Priscilla blew a smoke ring and smiled broadly at the neighboring diners. She doesn't change, thought Maisie.
"It's that case you mentioned, Maisie." Priscilla seemed to falter but then continued. "It made me think of my eldest brother, Peter. As you know, I was the youngest; the boys were all older. Phil and Pat were both killed in 1916, within two weeks of each other, but Peter—I don't know about Peter."
"Don't know?" Maisie resisted the urge to lean toward Priscilla, instead leaving room for her to continue her story.
"No. I have no idea." Priscilla looked at Maisie directly. "It's my boys growing up so quickly, I think. I pushed it all back after the war, after Mummy and Daddy died. Off I went to France like a shot, drank myself silly for a year, and, thank God, along came Douglas to drag me from the abyss. I adore him, Maisie, and I adore my boys. Douglas and I have helped each other, really, and I don't want to look back, but . . ."
"We never knew where Peter died. His body was never found, though that wasn't unusual, was it? I never even saw the telegram. My parents had already lost Patrick and Philip, so they burned it, and I've been troubled about it ever since. I'll put it to the back of my mind for a while, and then something—and sometimes it's something really simple, not a big thing like this case of yours—brings it all back again."
Maisie did not respond for some moments. Then she reached across to her friend and took her hands in her own. "Look, Pris, I want you to consider something—and please don't dismiss my suggestion immediately. I can direct you to someone who, in conversation, can help you to put Peter to rest in your heart. I'm your friend, too close for such work, but Maurice—"
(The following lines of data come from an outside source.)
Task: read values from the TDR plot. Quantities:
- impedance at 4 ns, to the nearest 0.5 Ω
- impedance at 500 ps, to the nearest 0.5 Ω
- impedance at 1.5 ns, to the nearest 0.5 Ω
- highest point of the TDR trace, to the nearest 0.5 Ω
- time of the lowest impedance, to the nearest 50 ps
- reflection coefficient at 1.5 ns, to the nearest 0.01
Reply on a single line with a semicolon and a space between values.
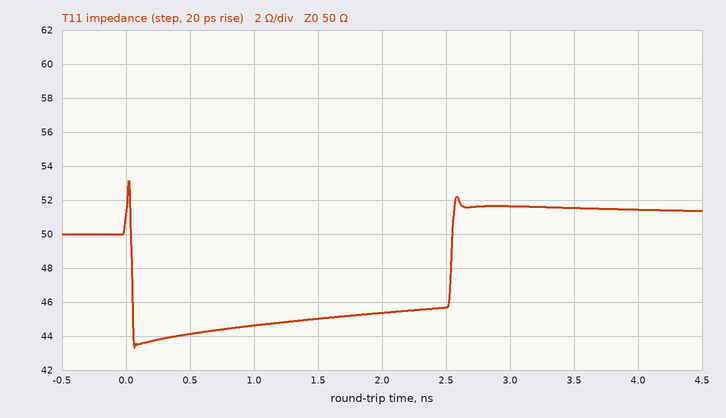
51.5 Ω; 44.0 Ω; 45.0 Ω; 53.0 Ω; 50 ps; -0.05

Priscilla pulled her right hand from Maisie's grasp, holding it up to stop her speaking. "I know what you're suggesting, Maisie. I've heard all about these newfangled talk therapies, and they're not my bag. I'd rather listen to an old gramophone record and have a drink and a cigarette until misery finds someone else to pick on." She paused briefly and changed the subject. "Have you received a letter from Girton asking for contributions to the new fund-raising campaign? I thought I'd send something."
Maisie and Priscilla remained together for another hour or so, reminiscing over dinner about their time at Girton College and their lives since the war. They agreed to meet again for lunch before Priscilla flew from Croydon Aerodrome back to France. But as she left her friend, driving back to Ebury Place with the top down on the MG, for it was a warm Indian-summer night, Maisie considered the possibility of a return to France, a prospect she anticipated with dread in her heart.